Turn stock losses into tax gains:
You gain from short term losses you made on stocks? Yes, says the Income Tax Act. If you have made long term capital gains from sale of property gold or debt funds you can set them off against short term capital losses made on stocks and bring down your tax liability. Short term capital losses can be set off against both short term capital gains as well as taxable long term capital gains. This can be especially useful for someone who has made profits on gold exchange, traded funds and physical gold this year. Suppose you have sold a property and made a long term capital gain of Rs 30 lakh after indexation. At 20 % the tax payable on this long capital gain is Rs 6 lakh. However, if you have also sold some junk stocks during the year and made a short term loss of Rs 3 lakh, you can set this off against the gains from the property. Then the gain from the property will get reduced to only Rs 27 lakh and the tax payable will be Rs 5.4 lakh, however the law makes a distinction here. One cannot set off short term gains from stocks against long term capital losses from the other assets,. Long term capital losses can only be set off against taxable Long term capital gains.
How much tax can you save: setting off a short term loss of Rs 3 lakh against long term gains and can help you save Rs 60,000.
Proof required: Records of your equity trading account statements with details of the transactions that resulted in losses.
Pay lower tax if dependent is ill:
The treatment of a chronic illness can drain the finances of the tax payers. That’s why the income tax Act allows a taxpayer to claim a deduction of Rs 40,000 if there is a dependent who suffers from an ailment specified under Section 80 DDB. The deduction is higher at Rs 60,000 if the patent is a senior citizen. The diseases include neurological diseases such as dementia, dystonia, musculorum, deformans, motor neuron diseases, ataxia, chorea, hemiballismus aphasia and Parkinsne’s diseases, maligant cancers, full blown AIDS, chronic kidney failure and haematological disorders (haemophilia and thalassaemia). Dependents can include spouses, children, parents and siblings.
However, there are a few conditions. The patient should be wholly or mainly dependent on taxpayers and should not have separately claimed deduction for the disability. If the amount spent is reimbursed by an employer or an insurance company there is no deduction. If a tax payer gets a partial reimbursement of the expenses the balance can be claimed as deduction.
How much tax can you save: If a dependent is patient a taxpayer’s liability shrinks by Rs 12,360 in the highest income bracket. If the patient is a senior citizen, the tax is lowered by Rs 18,540.
Proof required: A certificate of the illness from a specialist in a government hospital.
Put education loan work more than before
The rising cost of higher education is forcing people to borrow money to pay the fees of their children’s professional courses. The taxman is sympathetic and defers a deduction that can lower the cost of a loan. The interest paid on an education loan is fully deductible from taxable income under Section 80E. Till a few years ago this deduction was available only to the borrower. Now even a parent or a spouse can avail of it. What’s more this now includes loans taken for vocational courses. If a parent or legal guardian takes the loan, he can claim deduction for the interest paid for up to eight successive years, starting from the year in which the interest is first paid.

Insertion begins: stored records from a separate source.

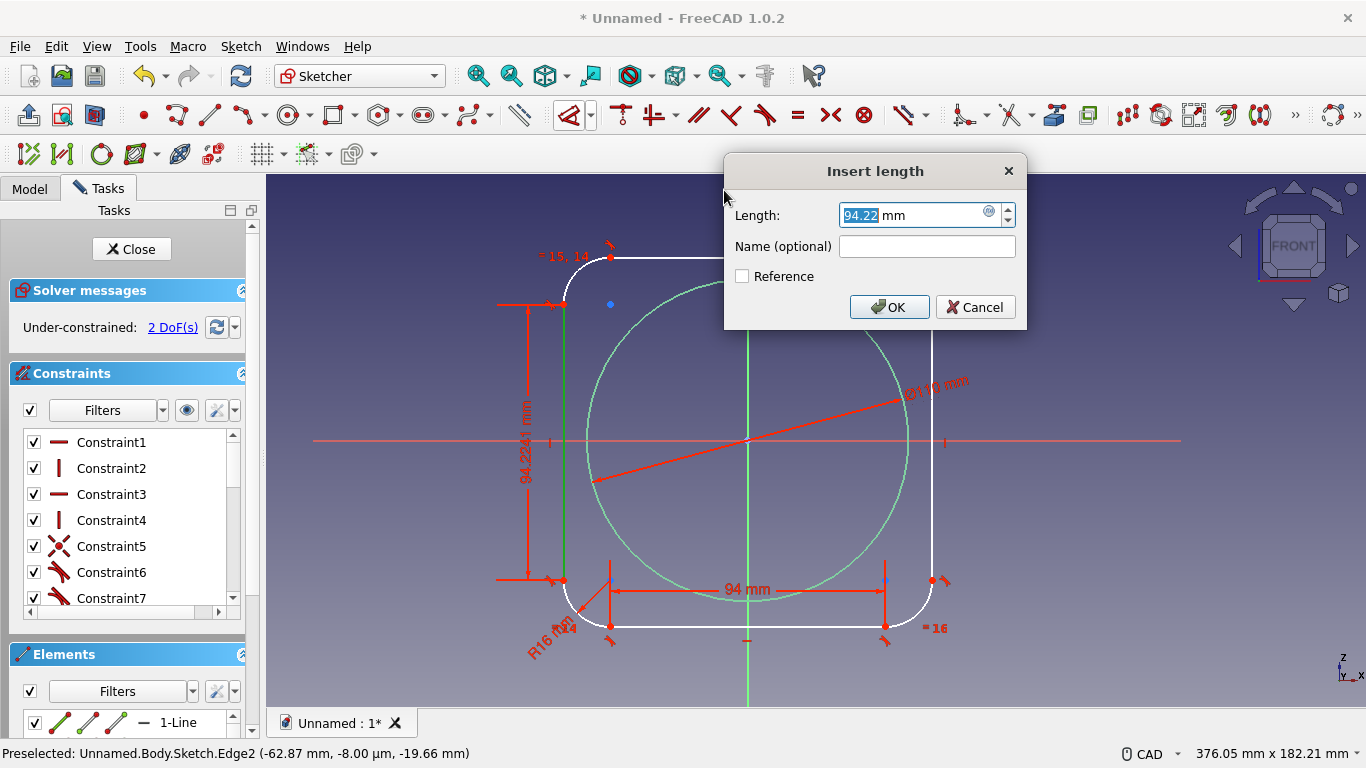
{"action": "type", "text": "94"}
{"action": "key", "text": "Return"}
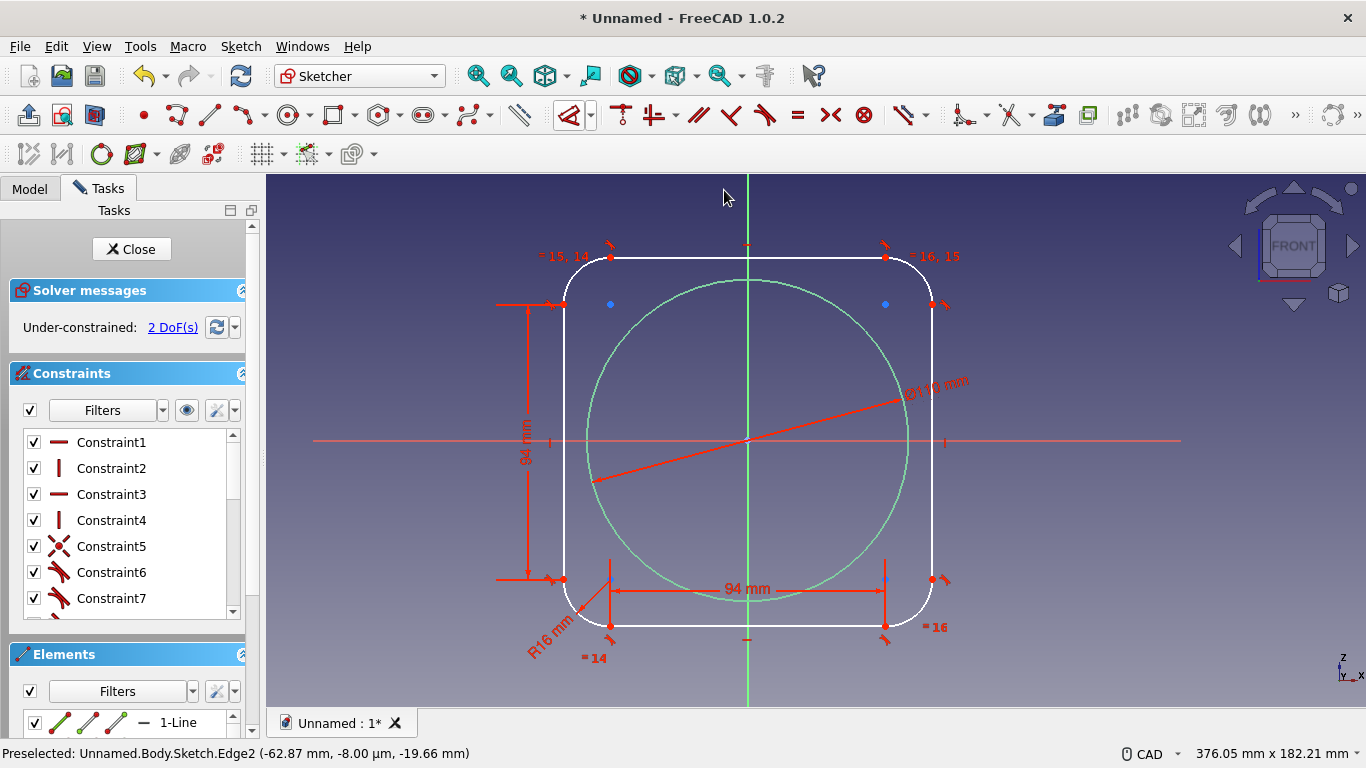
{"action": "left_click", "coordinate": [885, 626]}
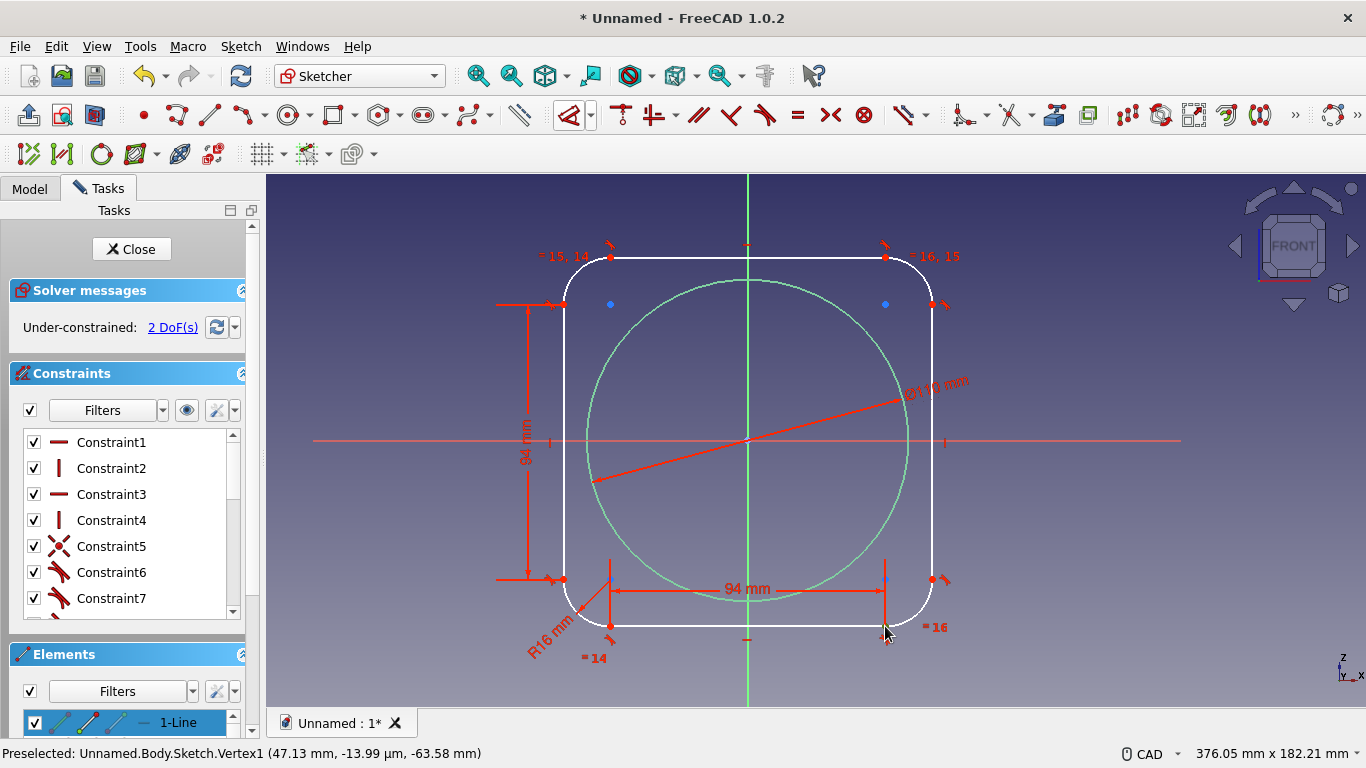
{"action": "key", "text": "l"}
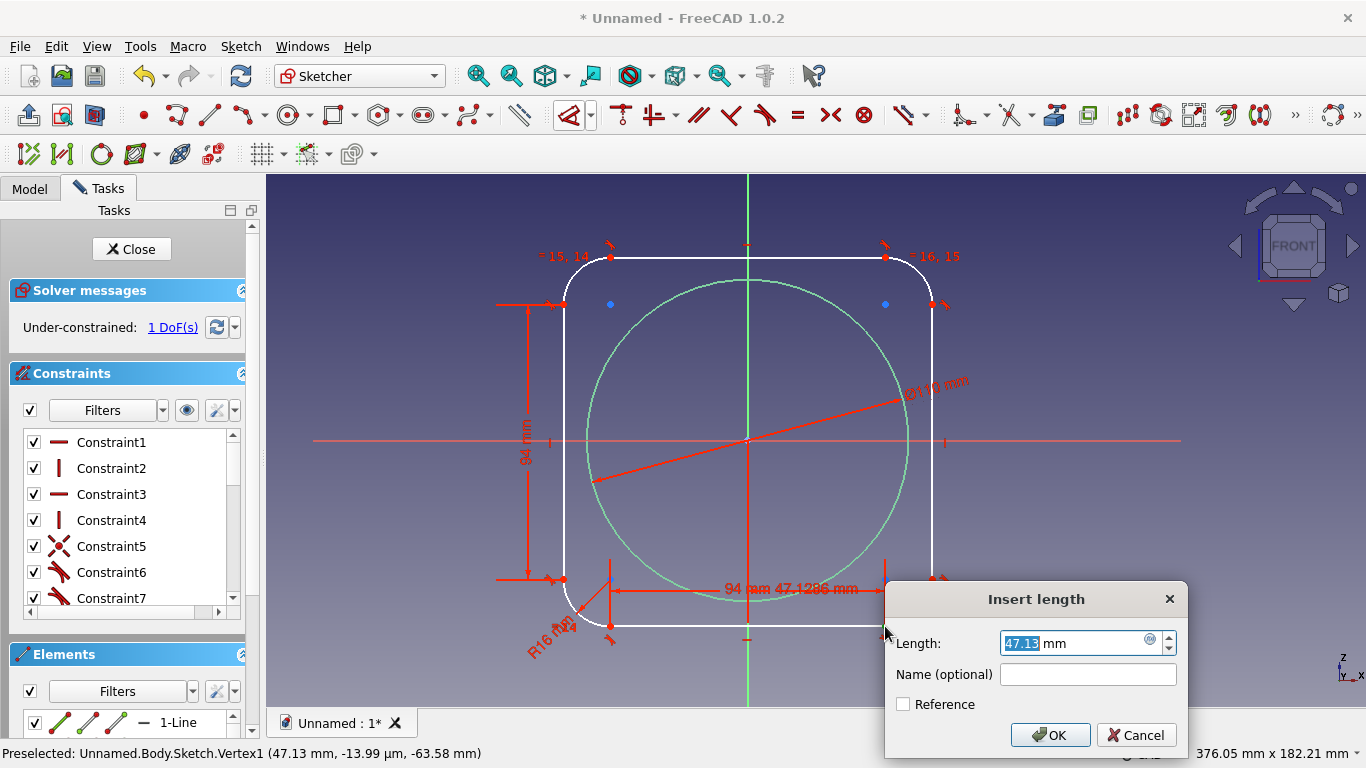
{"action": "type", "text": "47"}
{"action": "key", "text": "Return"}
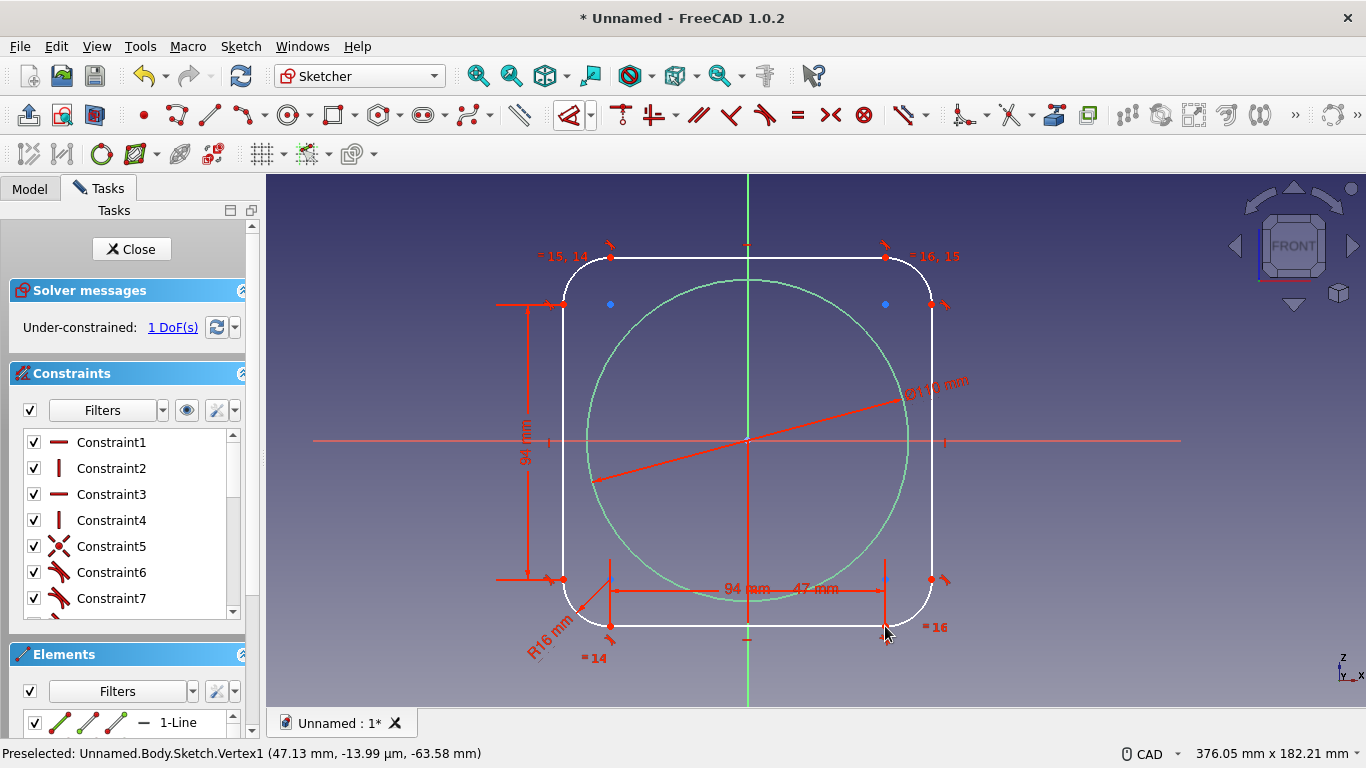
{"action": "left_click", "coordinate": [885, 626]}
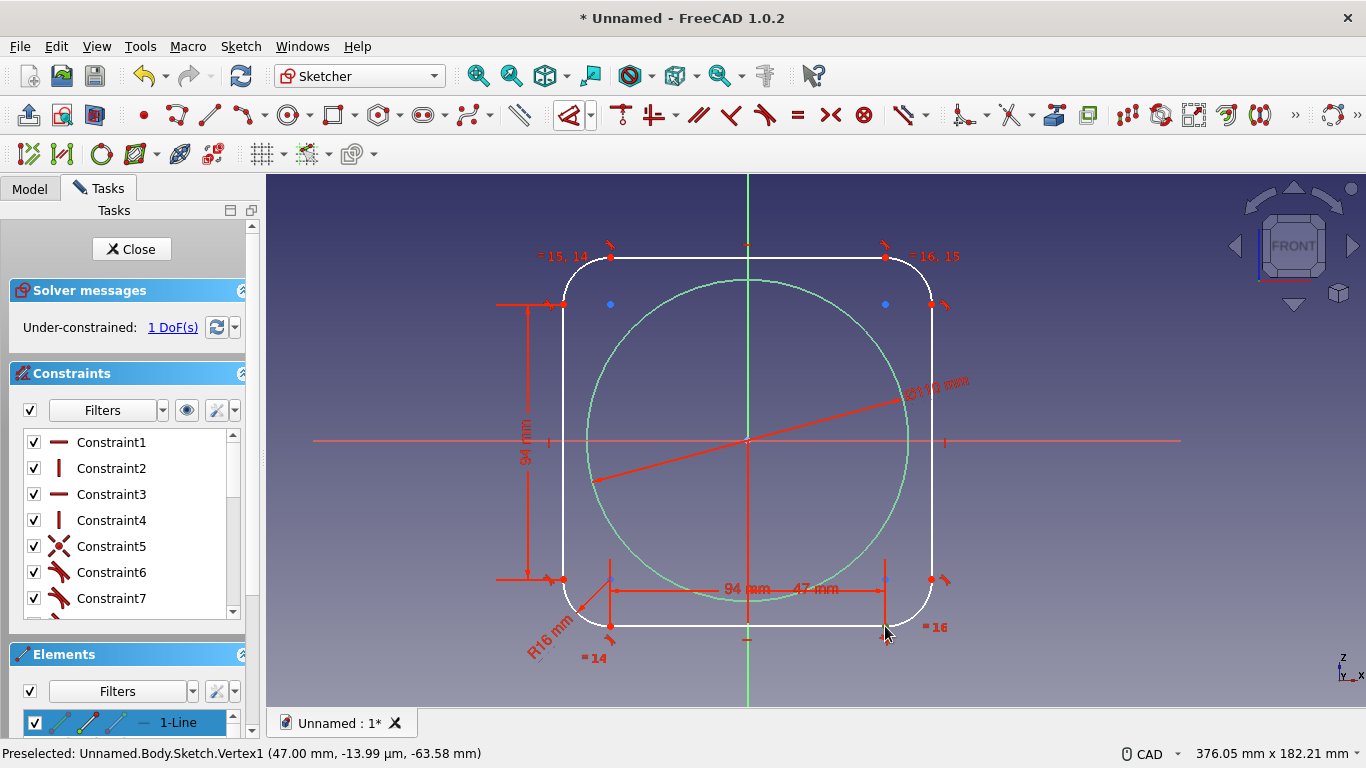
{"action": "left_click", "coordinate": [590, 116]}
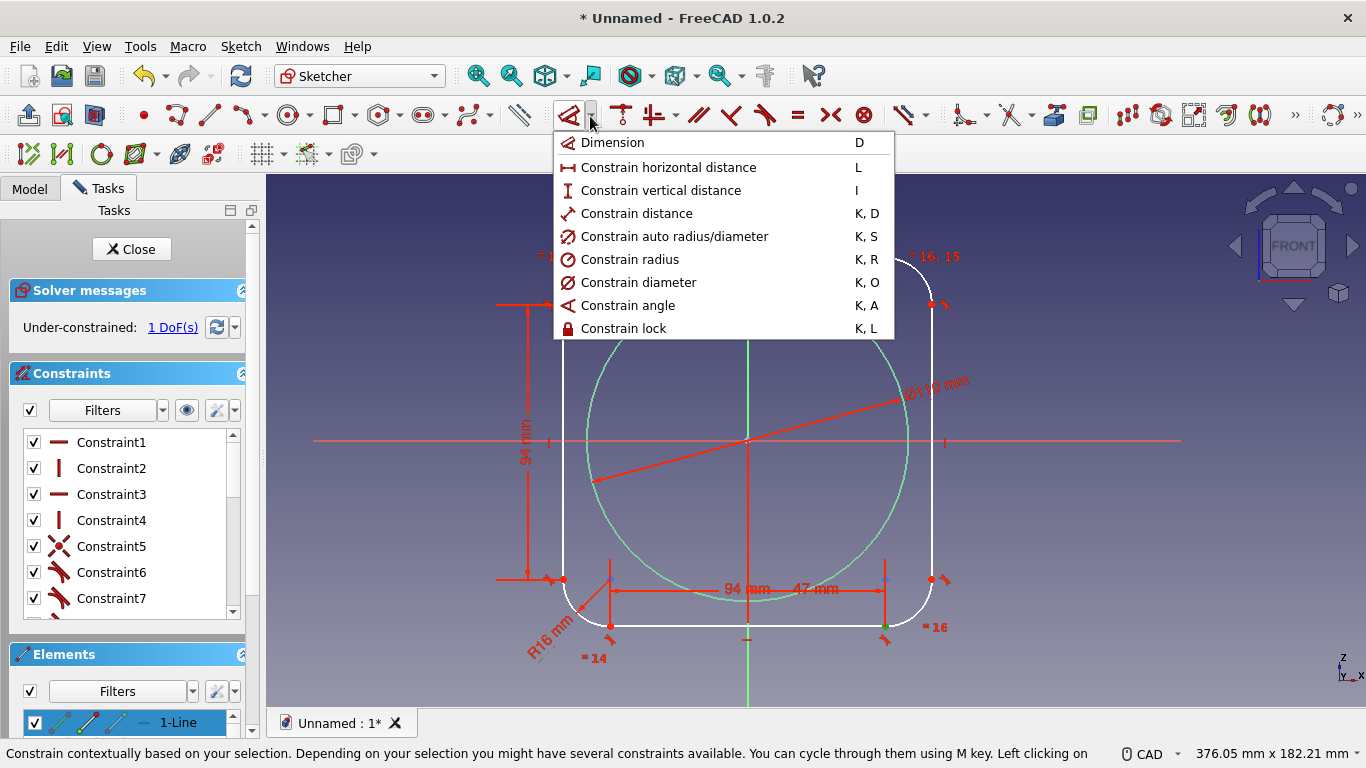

However loans taken for siblings and other relatives do not qualify. Also, the lender must be a recognized financial institution; loans from employers or individuals do not fit the bill.
How much tax can you save: if you take a Rs 10 lakh education loan education loans at 10% interest for 8 years, you can save Rs 1.41 lakh in tax in the highest tax bracket. This will bring down the effective cost of the loan to 7% per annum.
Proof required: Loan statement from lender.